First of all, I find the first argument completely insulting, racist and, dare I say it, Imperialist. The idea that any man anywhere in the world somehow thinks it is acceptable to grab a woman's crotch in the middle of a public street is quite possibly one of the dumbest things I have ever heard. You can give all the culturalist explanations you want about how western women are viewed whores in other parts of the world or how this sort of disgusting behavior happens to local women all the time, but what kind of message does it send when a woman keeps quiet and moves on after a complete stranger gropes her?

As for the second point, is violating a woman's physical body in this manner not a threat in and of itself?

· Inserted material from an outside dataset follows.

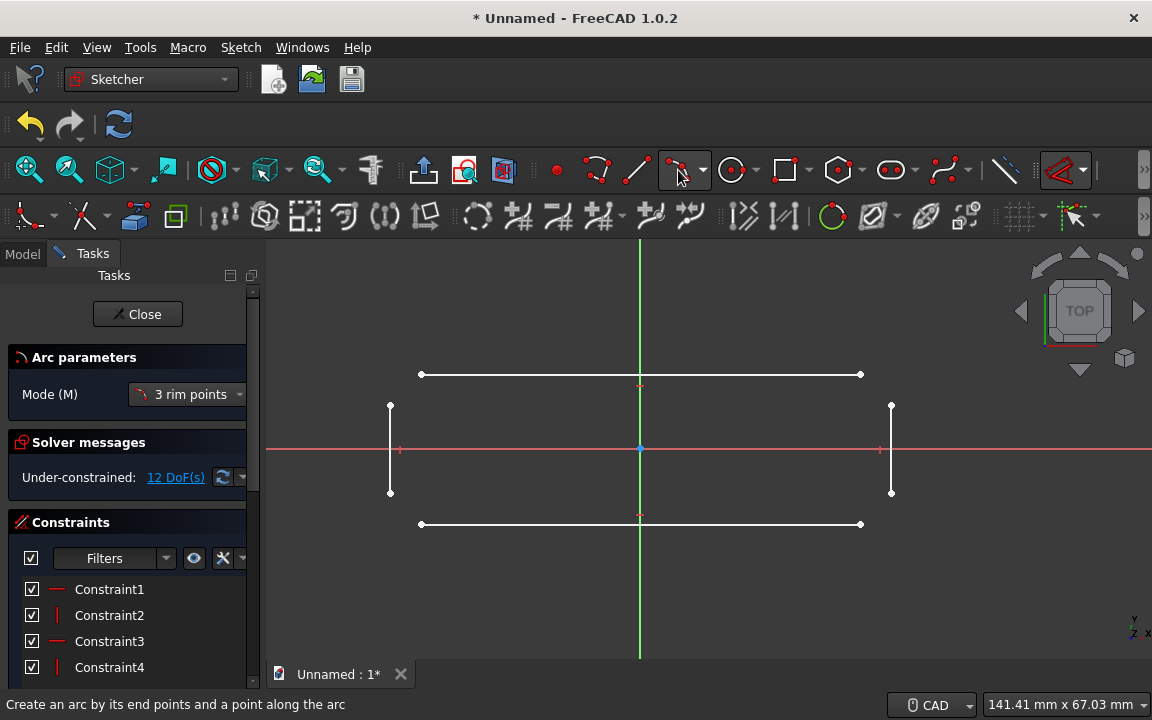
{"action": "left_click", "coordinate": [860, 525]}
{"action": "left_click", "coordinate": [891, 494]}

And the whole sexist notion that a victim of assault would want to respond to the threat so she can realize her fantasy of having a man come to her rescue? You have got to be kidding me. Clearly notions of respect, honor and dignity have nothing to do with it, right?

It just makes my blood boil when people try to rationalize this sort of behavior, and that we as women are expected to suffer it in silence.

Monday, June 26, 2006

Brother, Can You Spare an Irsh?


So, 3.5 degrees and let's not talk about how much debt later, here I am, unemployed in Cairo. I launched into the job search with gusto last week, remembering very quickly that the middle of summer, particularly in a city where the average highs are around 102 by mid-June, is a less than ideal time to start pestering people about anything that doesn't have to do with escaping to the North Coast for the weekend.

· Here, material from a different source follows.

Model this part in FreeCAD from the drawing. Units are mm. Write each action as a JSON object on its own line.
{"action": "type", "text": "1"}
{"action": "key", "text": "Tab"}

I've been trying to keep my perspective on things, however, and have been telling myself that this is a great time to do all the stuff that I won't have time for when I do (hopefully, someday, probably too soon) get a job: beefing up the Arabic vocab, studying some Korean, reading books on the history of the CIA - ok, I realize all of that doesn't exactly sound fun, but I'm enjoying it when I can keep my mind off my rampants fears of never finding a real, respectable, salaried job before I'm dead.

Sunday, June 25, 2006

Is This Burger Free-Range or Test Tube?


I won't lie: the idea of eating a burger made from in vitro "meat sheets" makes me queasy.

But according to Wired this week, test tube meat is a hot business with the potential to put lab-grown ground chuck that looks, smells and most importantly tastes just like the real thing on supermarket shelves in the next few years.

Putting the "ick" factor aside (God knows I ingest far worse things here on a daily basis), the ethical and environmental repercussions of this could be profound. No more mass farming of animals crammed into tiny sheds pumped full of hormones. Land used for grazing and pasturing could be used for more sustainable agricultural purposes. It's creepy, yes, but it's hard to see just yet what the downsides are.